Marc glanced up at the lavish entablature that housed the headquarters of Fleet, Inc. Buildings that evoked stability instilled in him a sense of solidness and virtue. He proceeded to the Executive Offices on the eighth floor. Tapping lightly on 801, there was the gruff: “Enter!” and he walked in smiling at the big, craggy head, of the ‘Old Man of the Mountain’, his bilious Director, Magnus Hildstrom, former CIA Section Chief in Baghdad. From the lofty office’s huge windows the Capitol Building was framed prominently.

“You tell me, Halvers, what happened.” Magnus Hildstrom was brusque and to the point, and the light from his brittle-blue eyes seemed able to cut through steel. Marc didn’t feel intimidated, more put upon. He wasn’t going to sit through a cross-examination.

“There isn’t much to tell. With the testing ended, I was released. My charge wished to leave and requested that I accompany her.”

Hildstrom had his sources, tapping a pen on his note pad. A tablet and a few file folders completed the contents on the top of the desk. His searching look was so serious that Marc felt Magnus must’ve known everything there was to know.

“And then what?” he snapped.

“Dr. Litel was a bit stressed and I accompanied her on some private business to Frankfurt. It was on our own time.”

The shifty old satyr winked. “Right, Halvers! Keep close by at our lodgings—your old room is available. Await further orders. That’s all—oh, and good to see you back in one piece.”

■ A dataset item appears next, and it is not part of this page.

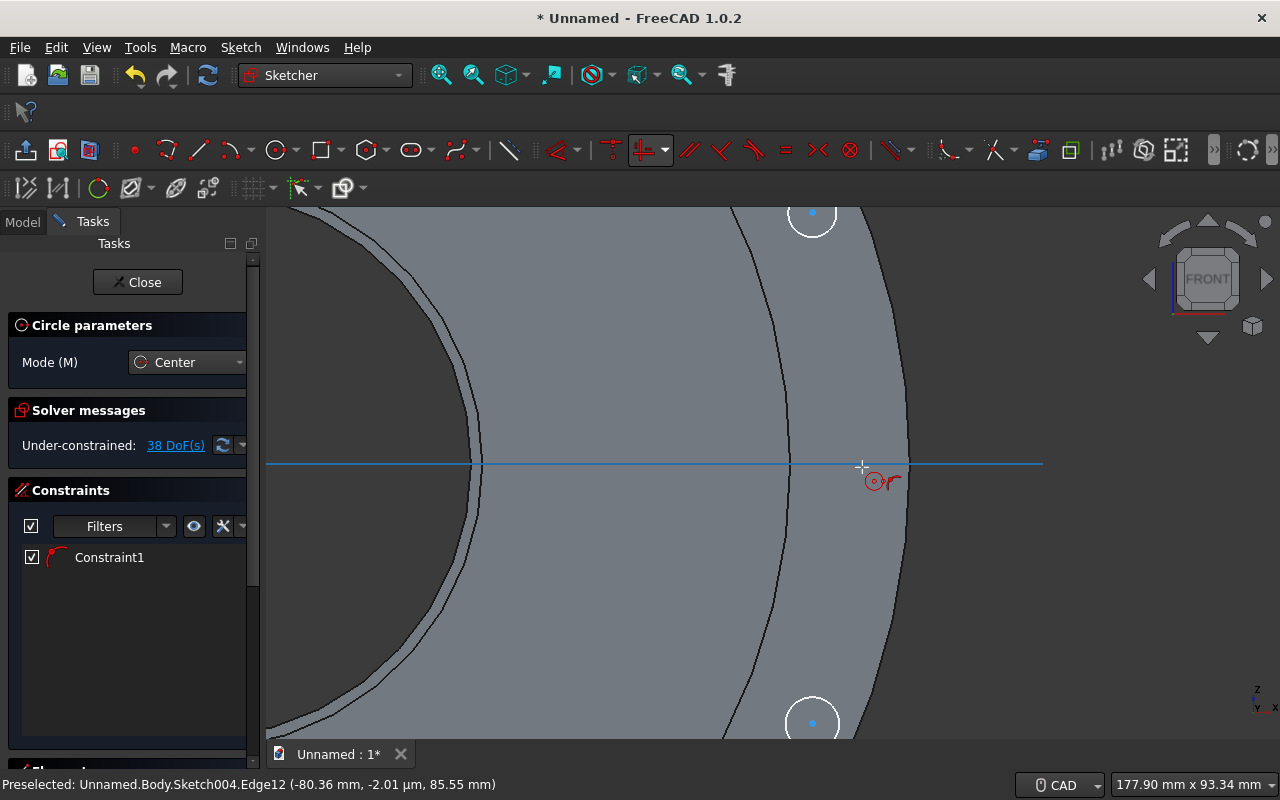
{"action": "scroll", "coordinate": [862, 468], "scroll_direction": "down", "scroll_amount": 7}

Marc’s suspicion piqued with that final sentence “good to see you back in one piece,” the most uncharacteristically friendly thing that Magnus Hildstrom had ever said to him. The others in the big bunker farther away had had no direct view and most probably would’ve been told a cover story. The test ran according to plan, they must have been informed, thought Marc. The government comes up with a hundred phony stories a week. He was impatient to be with Sarah again. But he understood that it was also important to give her time to recuperate…

Those events of eight years ago had returned with fateful force. She had given him no warning of any trouble. The reason should be self-evident: all electronic devices were monitored by F.I.S.T.